There are other things you can do that are more specific to the mobile devices.

  1. Review all apps before installing. This is especially true for Android devices as there are more malicious apps in the Android ecosystem than there are for iOS.
  2. Have a password set to access your phone.
  3. Don't connect to unsecured wi-fi networks.
  4. You do not need to install any antivirus or antimalware apps on your mobile device. The mobile operating systems have built-in protections.
  5. Don't let a stranger use your phone.

The above is a general guideline that will help keep your mobile phone safe.

Does ResTech work with/support mobile phones?

Yes, ResTech does offer limited support for mobile phones and tablets. There are certain items, such as email set up, we can walk you through remotely. Since most mobile devices do not offer remote control/screen share access like computers we are limited in the assistance we can offer remotely for these devices.

We can provide more support for your mobile devices during on on-site visit or if you bring them to us.

Are there any concerns related to the release of Windows 11?

Currently, there are no major concerns related to the release of Windows 11.

Just like any operating system upgrade, you will want to make sure all your applications will be compatible with Windows 11.

The biggest difference with upgrading to Windows 11 compared to previous versions of Windows is how Microsoft is providing the official upgrade. The only official upgrade path will be through Windows Update. If your computer meets the minimum requirements set by Microsoft they will offer you the upgrade. You may first see a message in Windows update that your device is eligible before you get a notice that the upgrade has been made available to you. If your device is not officially supported you will still be able to upgrade to Windows 11 but you will have to perform a manual install/upgrade by downloading Windows 11. If you pursue this option you will be given a notice that Microsoft will no longer support your system and you will have to sign a waiver.

Windows 10 will be supported through October 2025. You can continue to run Windows 10 until you need to get a new computer which will then have Windows 11.

If I can only do one thing right now, what one thing should I do to start focusing on my security?

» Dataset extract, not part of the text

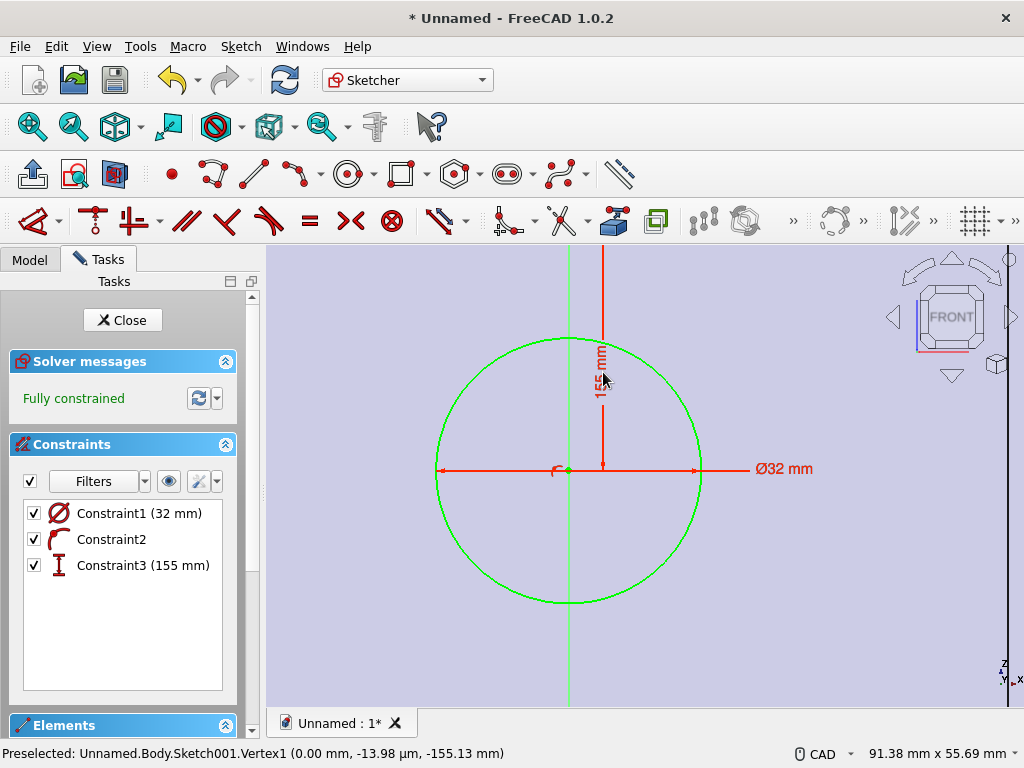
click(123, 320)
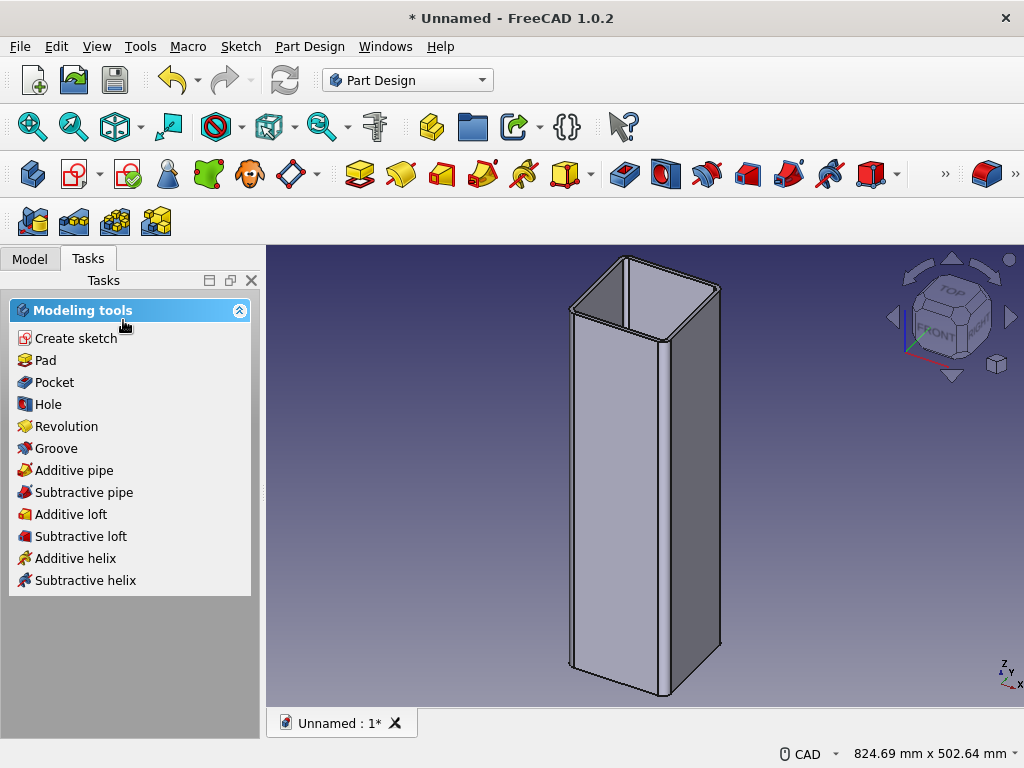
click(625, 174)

The one thing you should be doing right now to start focusing on your security is to take a cybersecurity training course. You will want to take a course that is comprehensive and will cover all the cybersecurity basics. This course should also provide you with a certificate upon successfully completing the training.

Secondly, you should run network and security assessments on your environment to check the security of your environment.

Can I check my own antivirus to see if it's up to date, and how would I know?

Yes, you can check your antivirus application to see if it is up to date. Like most applications there is an option in the help or about menu to check for any updates. This should check for both application and security definition updates. Most antivirus apps will also have a status screen that will let you know if there are any pending updates. Each antivirus app handles this in its own way. Check the documentation for your specific app to determine how to perform these checks.